Mechanics - mass on a circular ramp

[dusty8683]

the problem we got in class was that an object of mass m was sliding down a quarter-circle ramp (or "quarter pipe) that had a radius a, and a coefficient of kinetic friction "mu". if the mass began down the ramp from rest and continued to the bottom, what would it's final velocity be?

i had no idea how to solve it by the time the teacher worked it out on the board. she simplified it converting it to a flat ramp at an angle of 45 deg above the horizontal. i understand more than well how to work problems of that sort... but how would you go about it the "correct" way??

i've tried integrating the normal force of m*g*cos("theta") WRT theta from "pi" to 3*"pi"/2... which obviously didn't work. I've also tried calculating the unit normal vector of the line r("theta")=a*cos("theta")i+a*sin("theta")j and ("pi" <= "theta" <= 3*"pi"/2) and using that with the normal force which also didn't work.

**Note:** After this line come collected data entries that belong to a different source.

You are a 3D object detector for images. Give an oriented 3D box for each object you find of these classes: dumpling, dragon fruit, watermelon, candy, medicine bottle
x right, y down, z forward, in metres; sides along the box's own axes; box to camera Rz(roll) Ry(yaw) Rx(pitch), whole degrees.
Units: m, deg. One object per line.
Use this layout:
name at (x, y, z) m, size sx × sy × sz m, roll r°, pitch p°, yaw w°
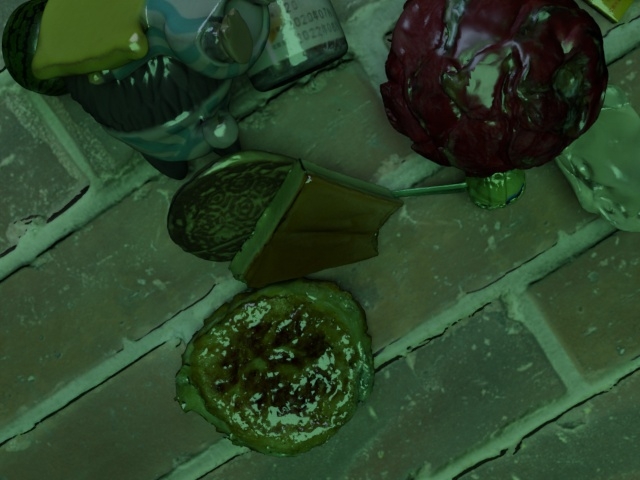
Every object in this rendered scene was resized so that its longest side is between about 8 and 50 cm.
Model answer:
dumpling at (0.465, -0.122, 1.235) m, size 0.162 × 0.132 × 0.250 m, roll -28°, pitch 99°, yaw 1°
dragon fruit at (0.251, -0.243, 1.124) m, size 0.329 × 0.329 × 0.329 m, roll 0°, pitch 100°, yaw 0°
watermelon at (-0.419, -0.320, 1.201) m, size 0.140 × 0.141 × 0.187 m, roll 9°, pitch 93°, yaw -1°
candy at (0.167, -0.083, 1.276) m, size 0.335 × 0.093 × 0.092 m, roll -5°, pitch 101°, yaw 8°
medicine bottle at (-0.081, -0.379, 1.175) m, size 0.165 × 0.165 × 0.273 m, roll -25°, pitch 99°, yaw 4°

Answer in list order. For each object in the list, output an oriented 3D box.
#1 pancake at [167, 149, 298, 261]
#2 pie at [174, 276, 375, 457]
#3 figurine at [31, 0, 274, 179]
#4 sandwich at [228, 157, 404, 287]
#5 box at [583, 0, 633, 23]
pancake at (-0.124, -0.053, 1.227) m, size 0.250 × 0.031 × 0.250 m, roll -14°, pitch 143°, yaw -11°
pie at (-0.074, 0.217, 1.312) m, size 0.354 × 0.103 × 0.288 m, roll -37°, pitch 104°, yaw 4°
figurine at (-0.176, -0.247, 1.139) m, size 0.361 × 0.378 × 0.266 m, roll 11°, pitch 71°, yaw 28°
sandwich at (0.000, 0.000, 1.257) m, size 0.212 × 0.063 × 0.245 m, roll 15°, pitch 128°, yaw -30°
box at (0.438, -0.428, 1.237) m, size 0.155 × 0.023 × 0.087 m, roll 35°, pitch 101°, yaw -6°
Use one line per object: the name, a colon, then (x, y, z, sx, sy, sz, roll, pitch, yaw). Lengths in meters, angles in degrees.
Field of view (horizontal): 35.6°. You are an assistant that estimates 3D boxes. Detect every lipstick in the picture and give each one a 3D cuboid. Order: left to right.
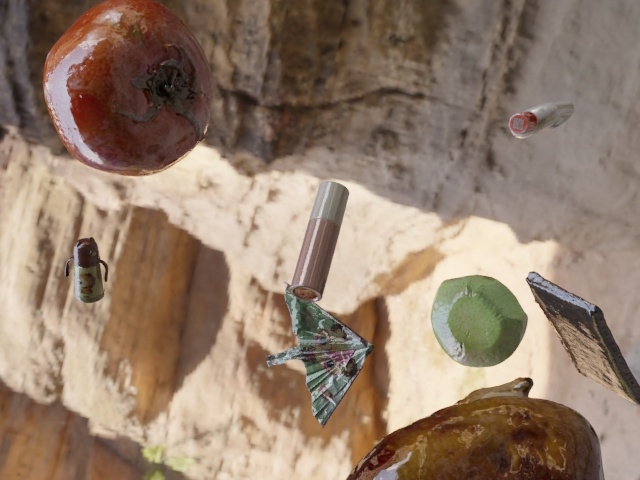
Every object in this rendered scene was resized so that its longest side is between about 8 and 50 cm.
lipstick: (0.000, 0.000, 2.064, 0.070, 0.070, 0.255, 113, 174, -62)

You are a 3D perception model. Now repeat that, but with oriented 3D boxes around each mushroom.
mushroom: (0.166, 0.313, 1.183, 0.260, 0.345, 0.346, -118, 38, -53)

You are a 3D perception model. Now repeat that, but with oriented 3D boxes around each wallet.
wallet: (0.429, 0.163, 1.598, 0.030, 0.285, 0.146, -49, 41, -14)

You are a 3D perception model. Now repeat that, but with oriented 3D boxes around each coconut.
coconut: (0.346, 0.177, 2.184, 0.236, 0.235, 0.205, -171, 81, -85)

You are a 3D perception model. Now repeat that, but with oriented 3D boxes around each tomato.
tomato: (-0.256, -0.194, 1.310, 0.188, 0.232, 0.232, 8, 83, 48)

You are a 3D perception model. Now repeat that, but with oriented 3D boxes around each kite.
kite: (-0.005, 0.237, 2.079, 0.013, 0.267, 0.323, -21, -80, -58)

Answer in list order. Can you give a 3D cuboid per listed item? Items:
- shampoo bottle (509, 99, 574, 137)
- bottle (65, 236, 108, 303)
shampoo bottle: (0.441, -0.246, 2.032, 0.108, 0.051, 0.221, -29, -6, 32)
bottle: (-0.353, 0.043, 1.503, 0.047, 0.063, 0.101, -124, 31, -55)
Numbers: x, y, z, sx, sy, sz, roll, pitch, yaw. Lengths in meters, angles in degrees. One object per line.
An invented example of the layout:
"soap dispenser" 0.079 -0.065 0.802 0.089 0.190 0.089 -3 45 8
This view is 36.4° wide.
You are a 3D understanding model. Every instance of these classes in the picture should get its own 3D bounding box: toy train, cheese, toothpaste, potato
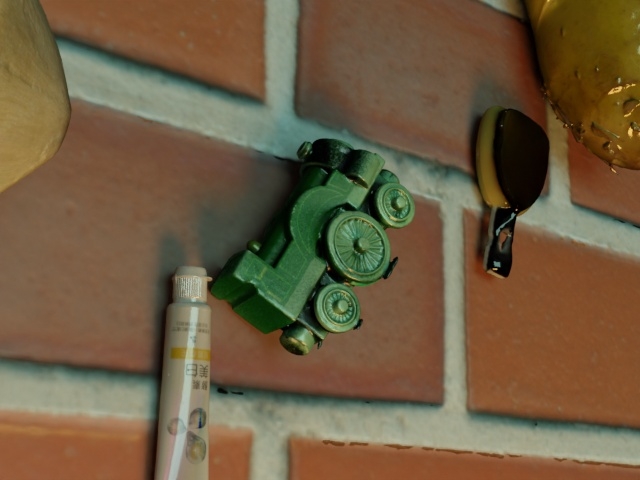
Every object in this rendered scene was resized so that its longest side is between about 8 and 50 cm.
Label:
"toy train" 0.000 0.000 0.742 0.105 0.071 0.178 37 58 -13
"cheese" 0.176 -0.042 0.911 0.086 0.036 0.162 27 63 -34
"toothpaste" -0.092 0.112 0.662 0.048 0.031 0.190 11 74 -40
"potato" 0.298 -0.215 0.987 0.173 0.140 0.300 -4 75 -32

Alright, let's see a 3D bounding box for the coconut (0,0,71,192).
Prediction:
"coconut" -0.234 -0.095 0.495 0.222 0.202 0.202 13 70 -35
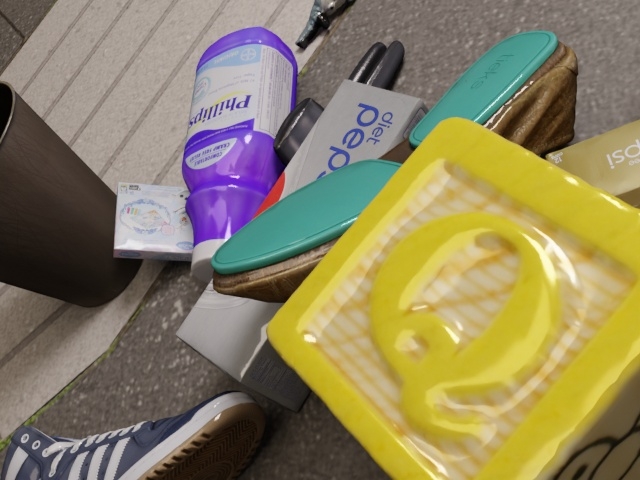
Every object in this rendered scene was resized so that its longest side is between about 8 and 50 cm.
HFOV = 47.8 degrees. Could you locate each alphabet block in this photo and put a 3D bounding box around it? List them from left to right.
[{"bbox_3d":[0.122,0.074,0.459,0.192,0.197,0.193,-50,48,-2],"label":"alphabet block"}]

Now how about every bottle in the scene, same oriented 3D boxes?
[{"bbox_3d":[-0.087,-0.091,0.763,0.118,0.092,0.282,-16,56,31],"label":"bottle"}]

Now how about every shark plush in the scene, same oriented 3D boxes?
[{"bbox_3d":[0.019,-0.301,0.864,0.067,0.073,0.161,22,98,59],"label":"shark plush"}]

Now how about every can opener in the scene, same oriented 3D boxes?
[{"bbox_3d":[0.030,-0.136,0.738,0.059,0.073,0.186,24,68,41],"label":"can opener"}]

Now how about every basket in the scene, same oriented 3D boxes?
[{"bbox_3d":[-0.313,-0.028,0.786,0.204,0.227,0.154,-45,49,4],"label":"basket"}]

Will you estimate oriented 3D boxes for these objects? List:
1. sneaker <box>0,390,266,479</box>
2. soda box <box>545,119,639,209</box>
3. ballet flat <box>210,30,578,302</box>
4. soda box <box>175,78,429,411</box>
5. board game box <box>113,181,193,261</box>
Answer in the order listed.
[{"bbox_3d":[-0.184,0.197,0.656,0.282,0.099,0.153,-44,51,8],"label":"sneaker"},{"bbox_3d":[0.266,-0.060,0.532,0.181,0.061,0.058,-22,55,22],"label":"soda box"},{"bbox_3d":[0.080,-0.030,0.567,0.342,0.124,0.116,-38,29,-17],"label":"ballet flat"},{"bbox_3d":[0.000,0.000,0.653,0.098,0.091,0.286,26,80,41],"label":"soda box"},{"bbox_3d":[-0.179,-0.020,0.793,0.020,0.090,0.090,115,154,-51],"label":"board game box"}]
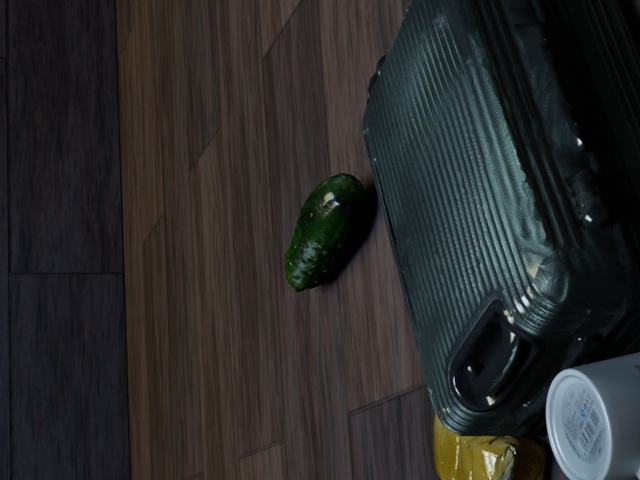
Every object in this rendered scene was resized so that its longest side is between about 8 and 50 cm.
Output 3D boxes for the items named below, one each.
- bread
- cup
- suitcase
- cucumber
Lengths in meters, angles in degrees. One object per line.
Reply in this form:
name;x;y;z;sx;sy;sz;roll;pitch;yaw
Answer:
bread;0.121;0.163;0.950;0.132;0.053;0.074;-137;50;-70
cup;0.187;0.098;0.649;0.104;0.116;0.074;-120;32;-46
suitcase;0.126;-0.042;0.811;0.202;0.128;0.312;113;152;-52
cucumber;0.000;0.000;1.328;0.227;0.069;0.069;117;148;-60
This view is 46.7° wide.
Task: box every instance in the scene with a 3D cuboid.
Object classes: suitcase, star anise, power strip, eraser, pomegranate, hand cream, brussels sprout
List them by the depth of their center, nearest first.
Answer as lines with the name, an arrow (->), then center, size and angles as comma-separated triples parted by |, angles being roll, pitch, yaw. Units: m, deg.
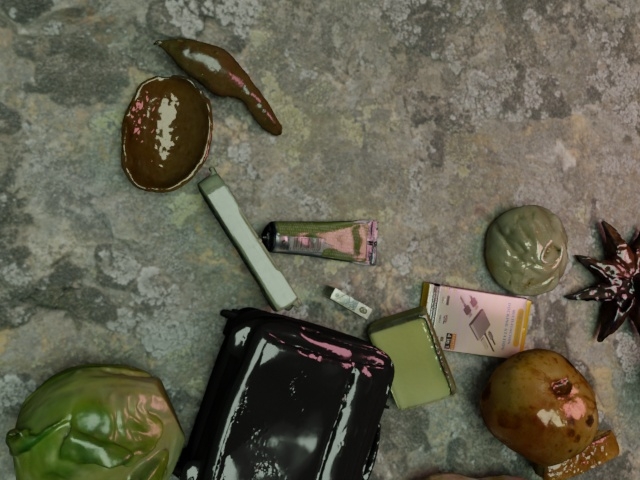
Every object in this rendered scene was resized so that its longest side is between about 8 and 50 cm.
brussels sprout -> -0.353, 0.329, 1.153 | 0.294, 0.227, 0.259 | -32, 115, -22
suitcase -> -0.052, 0.312, 1.278 | 0.339, 0.188, 0.345 | 20, 83, -22
power strip -> -0.128, 0.003, 1.289 | 0.048, 0.080, 0.286 | -32, 99, -13
hand cream -> 0.000, 0.000, 1.351 | 0.235, 0.055, 0.086 | 3, 93, -25
eraser -> 0.171, 0.218, 1.378 | 0.117, 0.058, 0.172 | -20, 98, 15
pomegranate -> 0.408, 0.318, 1.403 | 0.215, 0.215, 0.215 | 0, 91, -17
star anise -> 0.639, 0.088, 1.522 | 0.271, 0.102, 0.272 | 0, 89, -15

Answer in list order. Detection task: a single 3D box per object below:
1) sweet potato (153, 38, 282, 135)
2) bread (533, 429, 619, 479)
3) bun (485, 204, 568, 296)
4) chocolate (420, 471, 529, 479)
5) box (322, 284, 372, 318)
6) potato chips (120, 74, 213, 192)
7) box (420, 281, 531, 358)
sweet potato -> -0.160, -0.278, 1.279 | 0.269, 0.074, 0.075 | 35, 81, -24
bread -> 0.501, 0.425, 1.482 | 0.187, 0.103, 0.065 | -17, 96, -15
bun -> 0.414, 0.021, 1.449 | 0.183, 0.102, 0.183 | 0, 90, -15
chocolate -> 0.294, 0.507, 1.405 | 0.309, 0.134, 0.134 | 3, 90, -18
box -> 0.048, 0.113, 1.360 | 0.083, 0.054, 0.024 | 31, 86, -16
potato chips -> -0.261, -0.181, 1.260 | 0.150, 0.049, 0.202 | 4, 91, -14
box -> 0.307, 0.160, 1.452 | 0.247, 0.033, 0.129 | 9, 89, -17
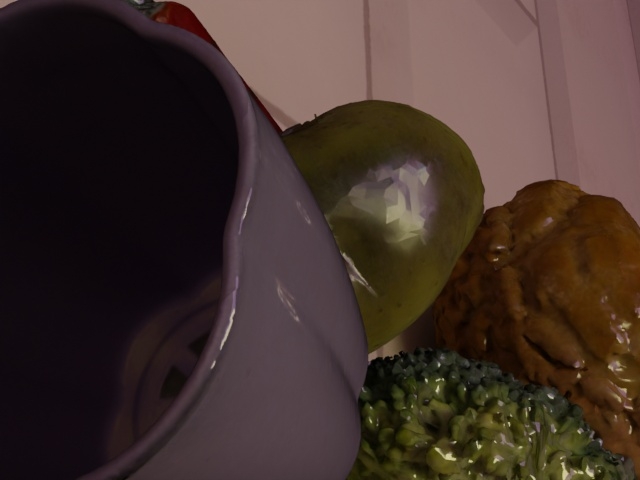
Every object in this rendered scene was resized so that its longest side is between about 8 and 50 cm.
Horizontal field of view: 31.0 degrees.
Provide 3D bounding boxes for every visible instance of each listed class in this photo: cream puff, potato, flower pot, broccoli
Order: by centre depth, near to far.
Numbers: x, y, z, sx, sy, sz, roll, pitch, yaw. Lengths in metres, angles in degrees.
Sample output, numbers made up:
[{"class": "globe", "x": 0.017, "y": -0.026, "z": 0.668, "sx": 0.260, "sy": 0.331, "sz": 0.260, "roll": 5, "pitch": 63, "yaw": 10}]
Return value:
[{"class": "flower pot", "x": -0.100, "y": 0.054, "z": 0.582, "sx": 0.243, "sy": 0.265, "sz": 0.265, "roll": 50, "pitch": 35, "yaw": -55}, {"class": "potato", "x": 0.000, "y": 0.000, "z": 0.800, "sx": 0.248, "sy": 0.143, "sz": 0.169, "roll": -37, "pitch": 94, "yaw": -16}, {"class": "broccoli", "x": 0.072, "y": 0.254, "z": 0.829, "sx": 0.397, "sy": 0.275, "sz": 0.353, "roll": -32, "pitch": 85, "yaw": -39}, {"class": "cream puff", "x": 0.239, "y": 0.116, "z": 1.095, "sx": 0.343, "sy": 0.231, "sz": 0.327, "roll": 59, "pitch": 14, "yaw": -12}]

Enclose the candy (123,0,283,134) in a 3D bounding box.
[{"class": "candy", "x": -0.089, "y": -0.100, "z": 0.846, "sx": 0.292, "sy": 0.059, "sz": 0.086, "roll": 55, "pitch": 35, "yaw": -26}]
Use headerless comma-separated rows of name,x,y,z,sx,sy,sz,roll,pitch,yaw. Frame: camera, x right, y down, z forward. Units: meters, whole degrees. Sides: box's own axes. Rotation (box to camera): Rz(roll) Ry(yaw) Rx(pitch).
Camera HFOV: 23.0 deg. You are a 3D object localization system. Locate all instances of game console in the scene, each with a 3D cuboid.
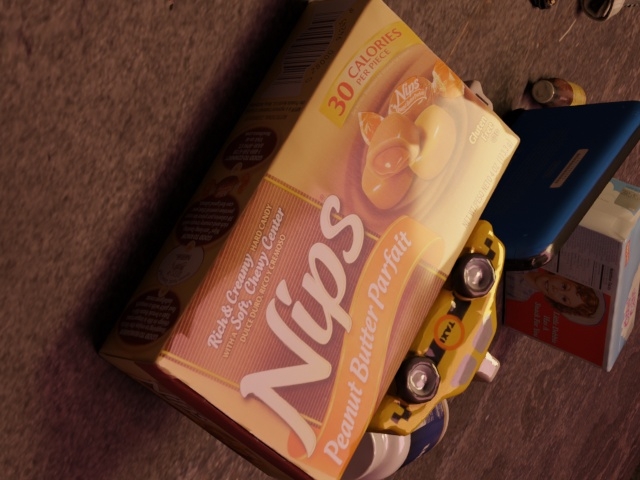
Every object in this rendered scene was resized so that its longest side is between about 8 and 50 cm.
game console,0.205,0.001,1.647,0.293,0.250,0.173,-48,125,-41

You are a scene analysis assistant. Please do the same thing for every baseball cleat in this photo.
baseball cleat,0.350,-0.297,1.846,0.109,0.072,0.206,-54,154,2

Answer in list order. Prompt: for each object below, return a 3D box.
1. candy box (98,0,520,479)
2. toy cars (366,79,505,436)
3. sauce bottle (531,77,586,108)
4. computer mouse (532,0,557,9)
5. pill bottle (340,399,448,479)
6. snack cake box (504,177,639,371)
candy box,0.000,0.000,1.151,0.183,0.087,0.316,40,70,-30
toy cars,0.095,0.019,1.307,0.176,0.087,0.394,-40,-154,28
sauce bottle,0.270,-0.165,1.799,0.128,0.042,0.042,1,110,-64
computer mouse,0.221,-0.285,1.566,0.071,0.041,0.242,-67,159,-5
pill bottle,0.056,0.186,1.562,0.169,0.094,0.094,-14,123,-64
snack cake box,0.312,0.029,1.933,0.089,0.152,0.264,-54,155,-31

i don't need this answer for class... i just don't like only knowing how to figure this out the "simplified" way. if you could explain how to do figure this out, i'd appreciate it. thanks.

 

[mukundpa]

Consider the poaition where line joining m to the center of the circular path makes an angle $$\theta$$ with the horizontal. Tengential acceleration of m at this position will be g$$(cos \theta - \mu sin \theta ).$$
Now if the small tengential displacement is dl = R $$d \theta$$ then we can write

$$a = v \frac {dv}{dl} = g(cos \theta - \mu sin \theta ).$$
gives

$$v dv = g(cos \theta - \mu sin \theta ).R d \theta$$

Integrate this for 0 to pi/2

 

[mukundpa]

If we write

$$a = v \frac {dv}{dl} = g(cos \theta - \mu sin \theta ).$$

as

$$v dv = g(cos \theta - \mu sin \theta ). dl$$

then

$$cos \theta dl = dy$$ and $$sin \theta dl = dx$$

Integrate this for any arbitrary curved path, x = 0 to d and y = 0 to h, I think, you will get a wonderful result.

Just try !